### Exercise prompt
Please list all lines of the material below in which the string "listed" occurs.

Start of Block

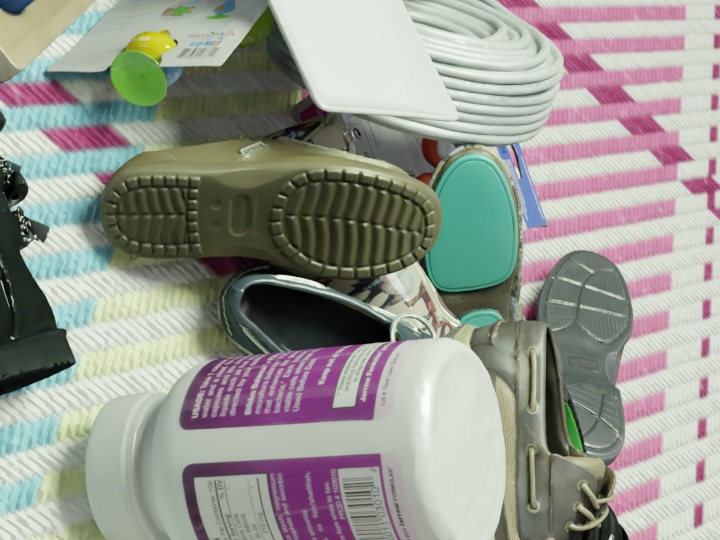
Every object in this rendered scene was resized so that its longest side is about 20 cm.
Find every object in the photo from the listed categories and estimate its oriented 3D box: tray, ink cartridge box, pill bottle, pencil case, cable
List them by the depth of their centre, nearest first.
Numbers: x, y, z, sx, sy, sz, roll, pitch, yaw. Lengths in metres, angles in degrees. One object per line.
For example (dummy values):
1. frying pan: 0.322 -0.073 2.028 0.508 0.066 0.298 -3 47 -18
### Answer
1. pill bottle: -0.035 0.097 1.072 0.112 0.199 0.113 -6 90 -65
2. tray: -0.022 -0.163 1.243 0.107 0.022 0.201 1 54 -39
3. pencil case: 0.000 0.000 1.292 0.201 0.089 0.078 56 23 -8
4. cable: 0.032 -0.142 1.364 0.199 0.070 0.200 -3 28 -44
5. ink cartridge box: 0.046 -0.070 1.442 0.199 0.042 0.120 -10 76 -51

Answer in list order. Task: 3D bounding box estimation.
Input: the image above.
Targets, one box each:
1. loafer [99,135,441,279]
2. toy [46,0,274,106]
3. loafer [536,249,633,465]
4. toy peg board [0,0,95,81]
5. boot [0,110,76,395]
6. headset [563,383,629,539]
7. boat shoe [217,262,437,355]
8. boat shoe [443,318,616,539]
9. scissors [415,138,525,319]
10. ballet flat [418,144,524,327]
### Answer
1. loafer: -0.051 -0.044 1.213 0.198 0.076 0.068 6 29 -14
2. toy: -0.094 -0.152 1.279 0.200 0.114 0.048 -54 138 -54
3. loafer: 0.148 0.071 1.473 0.071 0.063 0.201 16 43 -8
4. toy peg board: -0.195 -0.250 1.212 0.200 0.098 0.200 51 36 -14
5. boot: -0.227 -0.011 1.028 0.198 0.073 0.163 -14 80 -62
6. headset: 0.116 0.170 1.314 0.124 0.093 0.201 48 32 -64
7. boat shoe: 0.009 0.055 1.229 0.199 0.075 0.062 33 -4 -7
8. boat shoe: 0.100 0.122 1.161 0.074 0.073 0.201 -12 85 -70
9. scissors: 0.086 -0.023 1.422 0.200 0.014 0.074 45 58 -45
10. ballet flat: 0.071 0.009 1.354 0.072 0.072 0.202 -39 128 -55
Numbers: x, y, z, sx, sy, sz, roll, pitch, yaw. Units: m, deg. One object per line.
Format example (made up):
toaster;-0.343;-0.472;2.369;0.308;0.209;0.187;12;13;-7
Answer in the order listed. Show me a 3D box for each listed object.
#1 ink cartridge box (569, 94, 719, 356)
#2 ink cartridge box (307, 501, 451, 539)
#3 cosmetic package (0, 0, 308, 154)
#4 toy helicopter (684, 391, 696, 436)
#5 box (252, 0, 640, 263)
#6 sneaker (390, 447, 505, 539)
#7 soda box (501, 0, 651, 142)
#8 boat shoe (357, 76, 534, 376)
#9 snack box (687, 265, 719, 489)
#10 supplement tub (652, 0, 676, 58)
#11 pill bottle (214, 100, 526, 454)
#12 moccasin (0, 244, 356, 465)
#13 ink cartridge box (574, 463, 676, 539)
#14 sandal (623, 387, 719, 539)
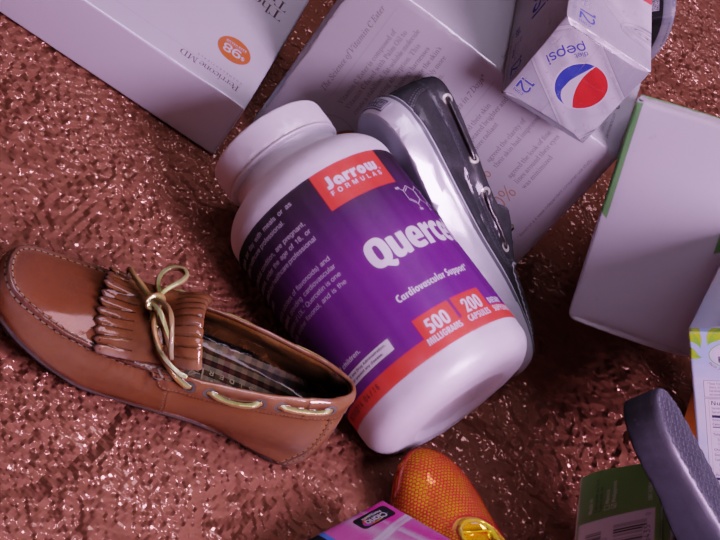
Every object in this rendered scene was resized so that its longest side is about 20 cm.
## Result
ink cartridge box;0.214;-0.033;0.997;0.084;0.147;0.200;19;10;17
ink cartridge box;0.046;0.179;0.714;0.094;0.037;0.200;-20;34;-41
cosmetic package;-0.145;-0.185;0.983;0.200;0.052;0.151;33;42;-10
toy helicopter;0.258;0.112;0.999;0.132;0.079;0.201;45;47;-40
box;0.058;-0.112;0.998;0.200;0.152;0.106;37;39;-6
sneaker;0.076;0.177;0.799;0.073;0.077;0.201;0;52;-38
soda box;0.141;-0.171;0.947;0.063;0.068;0.200;30;38;-13
boat shoe;0.067;-0.027;0.935;0.057;0.069;0.201;-36;110;-25
snack box;0.234;0.060;0.855;0.200;0.053;0.143;-43;130;-59
supplement tub;0.155;-0.209;1.196;0.200;0.123;0.123;-16;64;-48
pill bottle;0.000;0.000;0.875;0.112;0.113;0.200;-19;67;-47
moccasin;-0.096;0.038;0.785;0.201;0.078;0.074;30;40;-14
ink cartridge box;0.184;0.214;0.839;0.200;0.059;0.104;58;30;-29
sandal;0.180;0.156;0.760;0.201;0.043;0.076;63;19;2
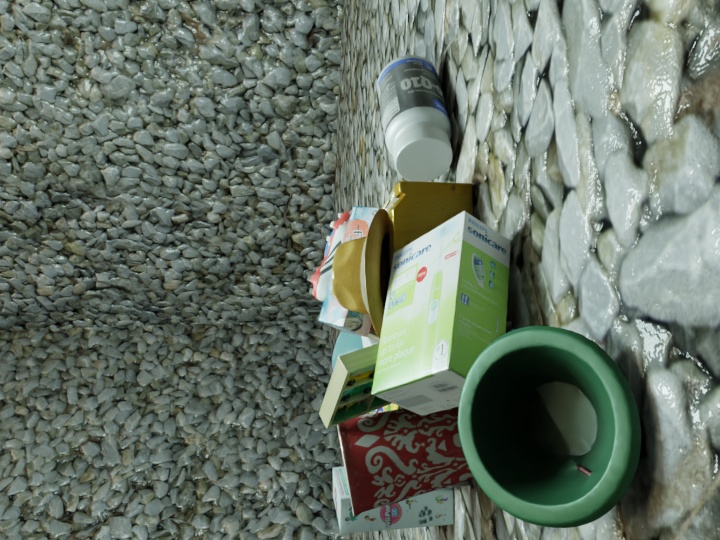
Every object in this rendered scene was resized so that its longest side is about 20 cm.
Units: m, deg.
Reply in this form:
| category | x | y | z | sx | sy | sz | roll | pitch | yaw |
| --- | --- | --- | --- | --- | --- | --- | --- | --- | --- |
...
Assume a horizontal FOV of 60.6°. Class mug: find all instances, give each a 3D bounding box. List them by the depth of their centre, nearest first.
| category | x | y | z | sx | sy | sz | roll | pitch | yaw |
| --- | --- | --- | --- | --- | --- | --- | --- | --- | --- |
| mug | 0.071 | 0.263 | 0.897 | 0.178 | 0.195 | 0.137 | 91 | 167 | -71 |

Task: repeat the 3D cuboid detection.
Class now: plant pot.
| category | x | y | z | sx | sy | sz | roll | pitch | yaw |
| --- | --- | --- | --- | --- | --- | --- | --- | --- | --- |
| plant pot | 0.014 | 0.190 | 1.344 | 0.200 | 0.132 | 0.205 | 13 | -90 | -76 |

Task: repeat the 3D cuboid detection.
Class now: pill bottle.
| category | x | y | z | sx | sy | sz | roll | pitch | yaw |
| --- | --- | --- | --- | --- | --- | --- | --- | --- | --- |
| pill bottle | 0.091 | -0.253 | 1.031 | 0.115 | 0.111 | 0.204 | 99 | 167 | -53 |

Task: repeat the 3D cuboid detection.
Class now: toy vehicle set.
| category | x | y | z | sx | sy | sz | roll | pitch | yaw |
| --- | --- | --- | --- | --- | --- | --- | --- | --- | --- |
| toy vehicle set | 0.043 | 0.141 | 0.851 | 0.027 | 0.196 | 0.126 | 52 | 142 | 33 |

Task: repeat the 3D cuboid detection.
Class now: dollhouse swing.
| category | x | y | z | sx | sy | sz | roll | pitch | yaw |
| --- | --- | --- | --- | --- | --- | --- | --- | --- | --- |
| dollhouse swing | 0.087 | -0.024 | 0.955 | 0.175 | 0.178 | 0.206 | 1 | 92 | 63 |

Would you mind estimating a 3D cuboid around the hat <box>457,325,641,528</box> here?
| category | x | y | z | sx | sy | sz | roll | pitch | yaw |
| --- | --- | --- | --- | --- | --- | --- | --- | --- | --- |
| hat | 0.203 | 0.147 | 0.598 | 0.197 | 0.174 | 0.170 | -13 | 73 | 44 |

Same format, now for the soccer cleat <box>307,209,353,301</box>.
| category | x | y | z | sx | sy | sz | roll | pitch | yaw |
| --- | --- | --- | --- | --- | --- | --- | --- | --- | --- |
| soccer cleat | -0.028 | -0.026 | 1.110 | 0.069 | 0.083 | 0.203 | 86 | -159 | -50 |

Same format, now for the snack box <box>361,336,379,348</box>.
| category | x | y | z | sx | sy | sz | roll | pitch | yaw |
| --- | --- | --- | --- | --- | --- | --- | --- | --- | --- |
| snack box | 0.028 | 0.177 | 1.119 | 0.072 | 0.024 | 0.203 | -118 | 14 | -48 |

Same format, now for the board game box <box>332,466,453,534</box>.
| category | x | y | z | sx | sy | sz | roll | pitch | yaw |
| --- | --- | --- | --- | --- | --- | --- | --- | --- | --- |
| board game box | 0.053 | 0.399 | 1.099 | 0.147 | 0.195 | 0.066 | -163 | 72 | -82 |

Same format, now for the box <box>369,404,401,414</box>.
| category | x | y | z | sx | sy | sz | roll | pitch | yaw |
| --- | --- | --- | --- | --- | --- | --- | --- | --- | --- |
| box | 0.076 | 0.178 | 0.988 | 0.064 | 0.069 | 0.204 | 42 | 124 | 49 |

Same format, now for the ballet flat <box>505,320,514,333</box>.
| category | x | y | z | sx | sy | sz | roll | pitch | yaw |
| --- | --- | --- | --- | --- | --- | --- | --- | --- | --- |
| ballet flat | 0.142 | 0.108 | 0.809 | 0.067 | 0.068 | 0.202 | 43 | 151 | 20 |

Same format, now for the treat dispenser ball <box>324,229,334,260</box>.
| category | x | y | z | sx | sy | sz | roll | pitch | yaw |
| --- | --- | --- | --- | --- | --- | --- | --- | --- | --- |
| treat dispenser ball | 0.022 | -0.022 | 1.273 | 0.201 | 0.195 | 0.207 | 179 | 90 | -82 |

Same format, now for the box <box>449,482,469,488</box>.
| category | x | y | z | sx | sy | sz | roll | pitch | yaw |
| --- | --- | --- | --- | --- | --- | --- | --- | --- | --- |
| box | 0.113 | 0.247 | 1.027 | 0.155 | 0.040 | 0.205 | -23 | 66 | 59 |

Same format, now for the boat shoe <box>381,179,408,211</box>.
| category | x | y | z | sx | sy | sz | roll | pitch | yaw |
| --- | --- | --- | --- | --- | --- | --- | --- | --- | --- |
| boat shoe | 0.050 | -0.073 | 1.109 | 0.201 | 0.072 | 0.064 | -53 | 53 | 39 |

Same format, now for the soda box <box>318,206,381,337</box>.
| category | x | y | z | sx | sy | sz | roll | pitch | yaw |
| --- | --- | --- | --- | --- | --- | --- | --- | --- | --- |
| soda box | 0.000 | 0.000 | 1.014 | 0.063 | 0.068 | 0.205 | 8 | 78 | 43 |

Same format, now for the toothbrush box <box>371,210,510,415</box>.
| category | x | y | z | sx | sy | sz | roll | pitch | yaw |
| --- | --- | --- | --- | --- | --- | --- | --- | --- | --- |
| toothbrush box | 0.099 | 0.055 | 0.749 | 0.145 | 0.085 | 0.204 | -30 | 40 | 50 |

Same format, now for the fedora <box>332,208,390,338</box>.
| category | x | y | z | sx | sy | sz | roll | pitch | yaw |
| --- | --- | --- | --- | --- | --- | --- | --- | --- | --- |
| fedora | 0.008 | 0.007 | 0.901 | 0.200 | 0.080 | 0.206 | -2 | -90 | -76 |

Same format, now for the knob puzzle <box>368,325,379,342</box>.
| category | x | y | z | sx | sy | sz | roll | pitch | yaw |
| --- | --- | --- | --- | --- | --- | --- | --- | --- | --- |
| knob puzzle | 0.048 | 0.057 | 1.091 | 0.222 | 0.214 | 0.031 | -101 | 19 | -52 |
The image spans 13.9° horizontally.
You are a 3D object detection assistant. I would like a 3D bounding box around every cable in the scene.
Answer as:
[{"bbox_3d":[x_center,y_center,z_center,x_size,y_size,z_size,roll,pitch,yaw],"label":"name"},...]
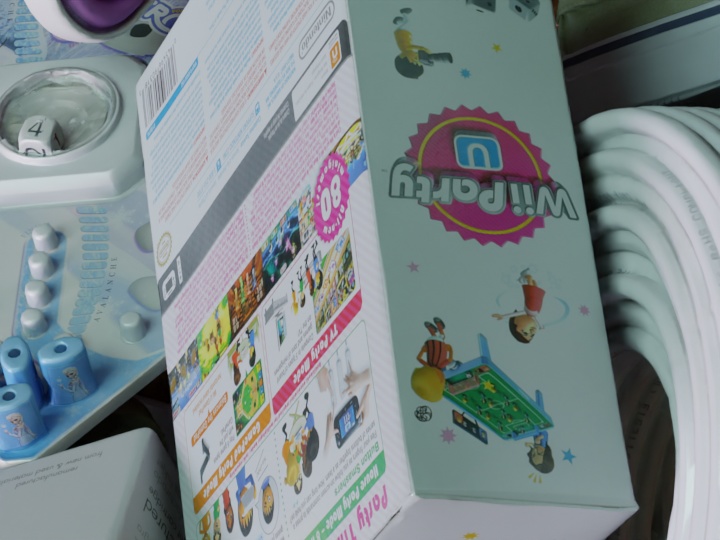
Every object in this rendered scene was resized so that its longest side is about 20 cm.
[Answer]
[{"bbox_3d":[0.084,0.057,0.739,0.200,0.069,0.200,-107,31,-48],"label":"cable"}]

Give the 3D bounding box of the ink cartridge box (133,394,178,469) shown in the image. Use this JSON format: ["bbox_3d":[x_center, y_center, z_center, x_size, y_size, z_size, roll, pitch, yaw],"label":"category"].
[{"bbox_3d":[-0.100,0.135,0.960,0.200,0.041,0.200,11,87,36],"label":"ink cartridge box"}]

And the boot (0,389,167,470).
[{"bbox_3d":[-0.159,0.047,0.960,0.175,0.066,0.200,-51,49,21],"label":"boot"}]

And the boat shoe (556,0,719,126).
[{"bbox_3d":[0.133,-0.086,0.830,0.200,0.072,0.062,-17,74,33],"label":"boat shoe"}]

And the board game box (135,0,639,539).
[{"bbox_3d":[0.000,0.000,0.783,0.148,0.064,0.201,129,140,-54],"label":"board game box"}]

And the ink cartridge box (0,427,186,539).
[{"bbox_3d":[-0.077,0.153,0.788,0.067,0.116,0.200,-16,31,20],"label":"ink cartridge box"}]

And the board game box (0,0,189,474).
[{"bbox_3d":[-0.097,-0.050,0.934,0.200,0.026,0.200,-39,52,-23],"label":"board game box"}]

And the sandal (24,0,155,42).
[{"bbox_3d":[-0.037,-0.155,0.938,0.050,0.082,0.203,19,74,36],"label":"sandal"}]
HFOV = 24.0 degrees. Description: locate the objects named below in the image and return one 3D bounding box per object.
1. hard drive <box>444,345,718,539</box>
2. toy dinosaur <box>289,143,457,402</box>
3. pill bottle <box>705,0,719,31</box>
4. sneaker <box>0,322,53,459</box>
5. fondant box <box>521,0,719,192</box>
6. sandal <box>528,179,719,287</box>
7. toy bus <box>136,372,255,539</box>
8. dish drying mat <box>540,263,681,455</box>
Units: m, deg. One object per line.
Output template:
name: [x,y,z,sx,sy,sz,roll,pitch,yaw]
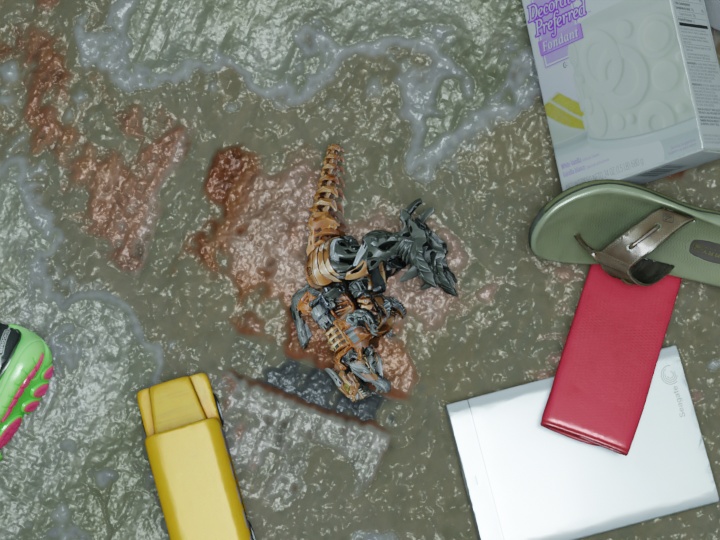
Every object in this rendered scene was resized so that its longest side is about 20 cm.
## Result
hard drive: [0.182,0.151,1.395,0.198,0.027,0.133,-14,82,-2]
toy dinosaur: [0.000,0.000,1.389,0.134,0.102,0.202,-14,103,14]
pill bottle: [0.362,-0.296,1.418,0.199,0.113,0.113,-33,83,-4]
sneaker: [-0.334,0.127,1.383,0.083,0.077,0.201,34,79,22]
fondant box: [0.215,-0.173,1.386,0.058,0.144,0.202,-1,77,-45]
sandal: [0.235,-0.021,1.363,0.199,0.080,0.058,9,37,-1]
toy bus: [-0.128,0.185,1.363,0.064,0.078,0.202,-16,82,-3]
dish drying mat: [0.212,0.049,1.394,0.076,0.018,0.202,19,70,3]
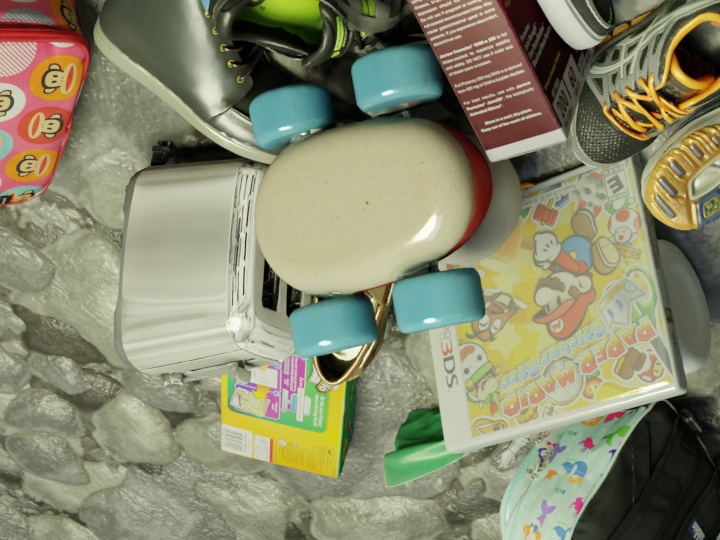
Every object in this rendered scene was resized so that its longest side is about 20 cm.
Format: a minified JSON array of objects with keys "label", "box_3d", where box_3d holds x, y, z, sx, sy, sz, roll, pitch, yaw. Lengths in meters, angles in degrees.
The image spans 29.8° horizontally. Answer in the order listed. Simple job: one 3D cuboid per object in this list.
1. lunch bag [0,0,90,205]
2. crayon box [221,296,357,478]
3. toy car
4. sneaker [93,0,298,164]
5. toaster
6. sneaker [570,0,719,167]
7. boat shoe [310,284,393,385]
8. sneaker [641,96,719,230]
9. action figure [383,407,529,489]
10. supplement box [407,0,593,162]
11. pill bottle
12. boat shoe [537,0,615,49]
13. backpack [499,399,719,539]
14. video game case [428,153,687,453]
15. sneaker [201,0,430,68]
[{"label":"lunch bag","box_3d":[-0.309,-0.133,1.027,0.174,0.083,0.201,-4,144,-31]},{"label":"crayon box","box_3d":[-0.063,0.094,1.220,0.117,0.059,0.201,13,134,7]},{"label":"toy car","box_3d":[0.042,-0.047,0.981,0.175,0.199,0.187,-15,84,34]},{"label":"sneaker","box_3d":[-0.094,-0.160,0.986,0.199,0.075,0.106,30,134,-8]},{"label":"toaster","box_3d":[-0.112,-0.009,1.069,0.128,0.203,0.113,-5,163,27]},{"label":"sneaker","box_3d":[0.204,-0.132,0.907,0.078,0.078,0.200,29,136,-10]},{"label":"boat shoe","box_3d":[0.000,0.000,1.066,0.075,0.074,0.202,10,111,6]},{"label":"sneaker","box_3d":[0.274,-0.108,0.914,0.199,0.088,0.076,-31,102,13]},{"label":"action figure","box_3d":[0.120,0.128,1.168,0.199,0.119,0.055,-26,113,24]},{"label":"supplement box","box_3d":[0.078,-0.185,0.869,0.060,0.109,0.201,-14,122,31]},{"label":"pill bottle","box_3d":[0.167,0.052,1.070,0.198,0.105,0.105,-20,123,33]},{"label":"boat shoe","box_3d":[0.130,-0.233,0.843,0.066,0.070,0.201,-10,120,29]},{"label":"backpack","box_3d":[0.209,0.221,1.147,0.150,0.201,0.178,-4,134,49]},{"label":"video game case","box_3d":[0.136,0.026,1.019,0.199,0.184,0.023,-20,158,33]},{"label":"sneaker","box_3d":[-0.011,-0.168,0.928,0.197,0.083,0.071,5,134,-13]}]
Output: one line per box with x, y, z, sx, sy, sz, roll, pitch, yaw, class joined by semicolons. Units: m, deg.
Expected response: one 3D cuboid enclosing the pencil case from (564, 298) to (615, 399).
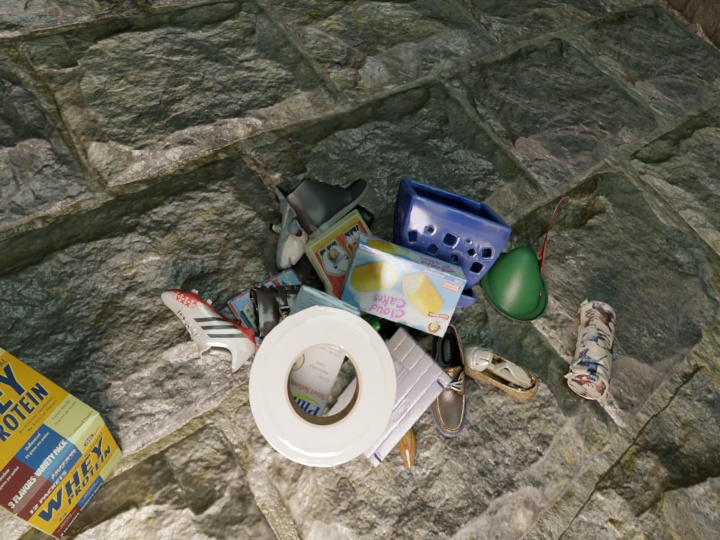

End of Block

### Task output
Find every object in the photo from the listed categories and estimate its oriented 3D box: tray, ink cartridge box, pill bottle, pencil case, cable
Answer in the order listed. Show me a 3D box for each listed object.
The image spans 29.8° horizontally. Answer in the order listed. Simple job: one 3D cuboid per object in this list.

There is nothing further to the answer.